Burger King South Africa franchise to be sold


Grand Parade Investments (GPI) says it will sell all of the shares it holds in Burger King South Africa – being 95.36% – to ECP Africa Fund as part of its restructuring process.

The deal also includes all of the shares it holds in Grand Foods Meat Plant.

The purchase price for Burger King is based on an enterprise value of R670 million, and R27 million for Grand Foods Meat Plant.

“Over the last 2 years management has undergone a process of restructuring the business with the main aim of reducing the discount to iNAV (indicative net asset value). This process involved discontinuing loss making business and improving the profitability of its operational food and manufacturing businesses.

“The restructure resulted in a vast improvement in profitability which assisted in reducing the discount,” it said by way of rationale for the deal.

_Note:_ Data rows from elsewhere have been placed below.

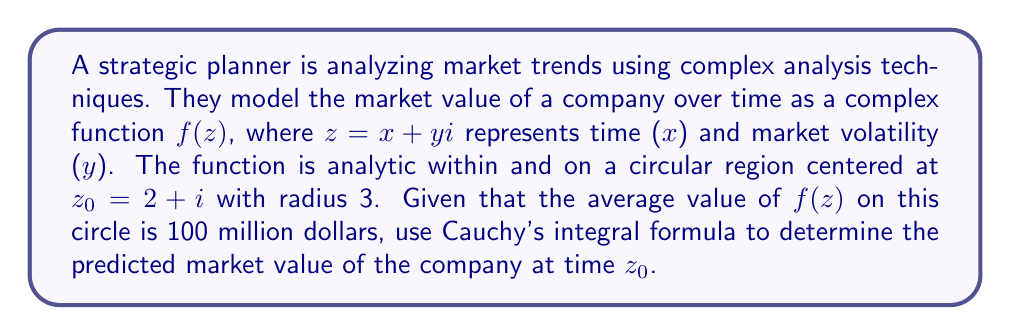What is the answer to this math problem? To solve this problem, we'll use Cauchy's integral formula and the mean value property of analytic functions. Let's break it down step by step:

1) Cauchy's integral formula states that for an analytic function $f(z)$ inside and on a simple closed contour $C$, and for any point $a$ inside $C$:

   $$f(a) = \frac{1}{2\pi i} \oint_C \frac{f(z)}{z-a} dz$$

2) In our case, $a = z_0 = 2+i$, and $C$ is the circle with center $z_0$ and radius 3.

3) The mean value property of analytic functions states that the average value of an analytic function on a circle is equal to the value of the function at the center of the circle. Mathematically:

   $$f(z_0) = \frac{1}{2\pi r} \oint_C f(z) dz$$

   where $r$ is the radius of the circle.

4) We're given that the average value of $f(z)$ on the circle is 100 million dollars. This means:

   $$100 = \frac{1}{2\pi 3} \oint_C f(z) dz$$

5) Multiplying both sides by $2\pi 3$:

   $$600\pi = \oint_C f(z) dz$$

6) Now, let's consider Cauchy's integral formula again. We can rewrite it as:

   $$f(z_0) = \frac{1}{2\pi i} \oint_C \frac{f(z)}{z-(2+i)} dz$$

7) Notice that on our circle, $z-(2+i) = 3e^{i\theta}$ (since any point on the circle can be represented as $z_0 + 3e^{i\theta}$). Substituting this:

   $$f(z_0) = \frac{1}{2\pi i} \oint_C \frac{f(z)}{3e^{i\theta}} dz = \frac{1}{6\pi i} \oint_C f(z) dz$$

8) We found in step 5 that $\oint_C f(z) dz = 600\pi$. Substituting this:

   $$f(z_0) = \frac{1}{6\pi i} (600\pi) = 100i$$

Therefore, the predicted market value of the company at time $z_0$ is 100i million dollars.
Answer: The predicted market value of the company at time $z_0$ is $100i$ million dollars.

It said that despite this improvement the company still trades at a large discount to indicative net asset value iNAV.

GPI said that management and its board decided that the best way to unlock value for shareholders is through a controlled sale of assets, with the sale of BKSA and Grand Foods Meat Plant representing the first phase of this strategy.

GPI has exclusive rights to develop and expand the Burger King brand in South Africa’s quick service restaurant market. It opened the first Burger King restaurant in Cape Town at 33 on Heerengracht in May 2013. It has since opened 92 restaurants at locations throughout the country.

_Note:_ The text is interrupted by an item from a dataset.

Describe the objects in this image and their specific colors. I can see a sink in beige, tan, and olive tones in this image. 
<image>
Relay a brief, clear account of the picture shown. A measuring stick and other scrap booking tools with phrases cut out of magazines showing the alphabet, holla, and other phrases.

Grand Foods Meat Plant operates a meat plant that includes a burger production facility built to EU standards and is a Halaal-certified supplier. Burger King is Grand Foods Meat Plant’s largest customer with more than 90% of the sales. The plant also supplies Spur with frozen patties as well as the Grill Father.

Burger King and Grand Foods Meat Plant have a combined net asset value of R509,039,205.

Burger King in South Africa

GPI published is financial results for the year ended June 2019 in September, reporting that Burger King finally started turning a profit in the country,

Burger King’s sales for the year increased by 34.2% from R756.2 million in the prior year to R1.015 billion in the current year, despite the economic downturn, and improved its previous loss of R27.1 million into a profit of R11.7 million for the period.
The growth in Burger King was driven by higher revenues from new restaurants opened and a significant improvement in same store sales of 10.3%, GPI said.

The net restaurant movement for the year totalled six, which included the opening of 10 new restaurants and the closure of four unprofitable restaurants.

The average monthly restaurant revenues (ARS) increased by 14.3% from R0.911 million last year to R1.042 million this year, largely as a result of positive restaurant comparative sales of 10.32% (2018: 3.45%).

A total of 18.6 million customers were served compared to 15.6 million in the prior year.

Dunkin Donuts

In March last year, GPI said that it would close its Dunkin Donuts and Baskin Robbins branches in South Africa which counted losses over R70 million.

The group said that it tried to find interested parties to buy the brands, but noted that it got no serious offers in the allotted period, leading to the businesses being liquidated.

“Dunkin’ Donuts and Baskin-Robbins continued to experience a challenging six months with the second quarter having the most significant impact on trading. The Group decided to exit

these brands based on the continued poor performance and a sustained period of losses.

“The exit of Dunkin’ Donuts and Baskin-Robbins is the first step of a broader strategy to revert back to an investment holding company,” it said.